What did Becca Prowda, growing up in Seattle, want to be when she was a little girl? I never knew what I wanted to be when I grew up. However, I have lucked into every job that I have had, and usually it has involved a written publication. So when I was in college — I went to college in New York City — between my junior and senior year in college, there was an article in the New York Times on the Robin Hood Foundation and I saw this article and I wrote a letter to the organization: “To whom it might concern.” And I got a call two days later from Laurie Fabiano, who went on to become my boss. She has been a mentor to this day. So that was one accidental dumb luck kind of thing that happened.

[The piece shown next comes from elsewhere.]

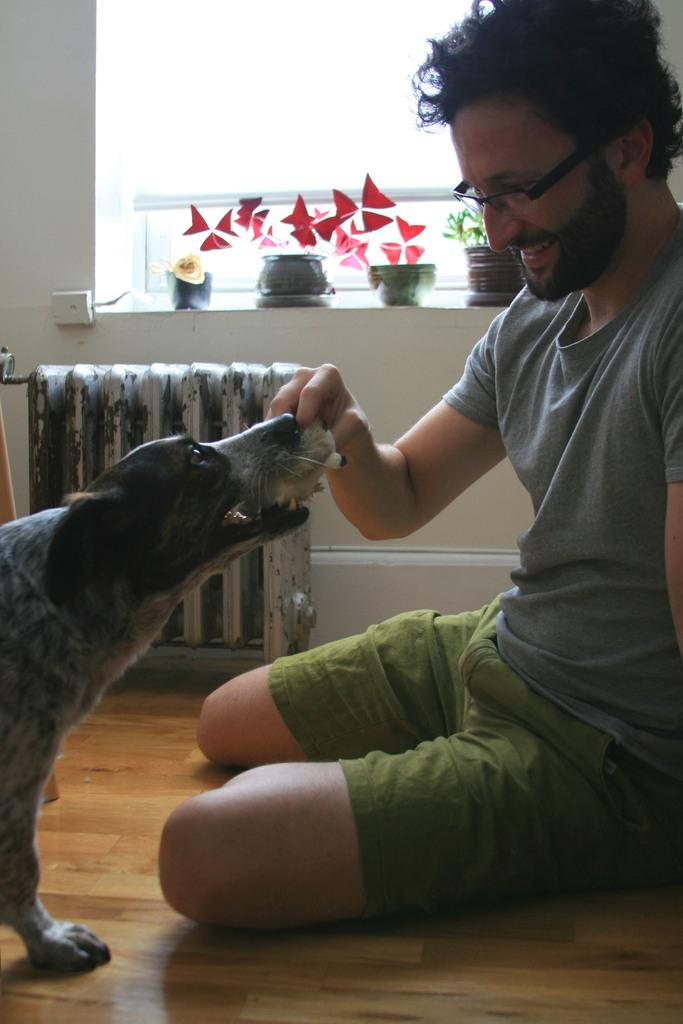What is the man in the image doing? The man is sitting in the middle of the image and smiling. What is the man holding in his hand? The man is holding something in his hand, but the specific object is not mentioned in the facts. What can be seen in the image besides the man? There is a dog, a wall, a window, and plants visible in the image. What is the purpose of the window in the image? The window allows natural light to enter the room and provides a view of the plants outside. How many friends can be seen crying in the image? There are no friends or crying individuals present in the image.

The other was when I moved to San Francisco, and I had read a New Yorker profile on Gavin Newsom and I read that profile and I wasn’t totally sure what I wanted to do when I moved out here. Did I want to continue in the public working in a nonprofit? Did I want to go into the private sector? It was a little bit of a career moment for me. I read this profile and a light bulb went off. I was like, “I have to figure out a way to work for this mayor.” And lo and behold, somehow he got a hold of my phone number and I got a call on a Friday. He said, “Becca, this is Gavin Newsom. Can you come in for an interview this afternoon? I need an assistant.” So I run home, I put a suit on. This is weeks into moving to San Francisco. I run down to City Hall. It was a Friday. I left the office starting with a job on Monday and here I am.
If you had one message to the world about San Francisco, what would it be? San Francisco is [one of] the most warm and diverse and inclusive places. It’s also one of the most beautiful. And I think it has an incredible streak of creativity and quirk. I think that that combination shows up in our small businesses. It shows up in the people who have made this their home and have built their lives here and their livelihoods. And I think it shows up in our art and our culture. I think it’s something that you can’t necessarily see on a computer screen or on your phone … it’s something you have to experience.
This interview has been edited for clarity and length.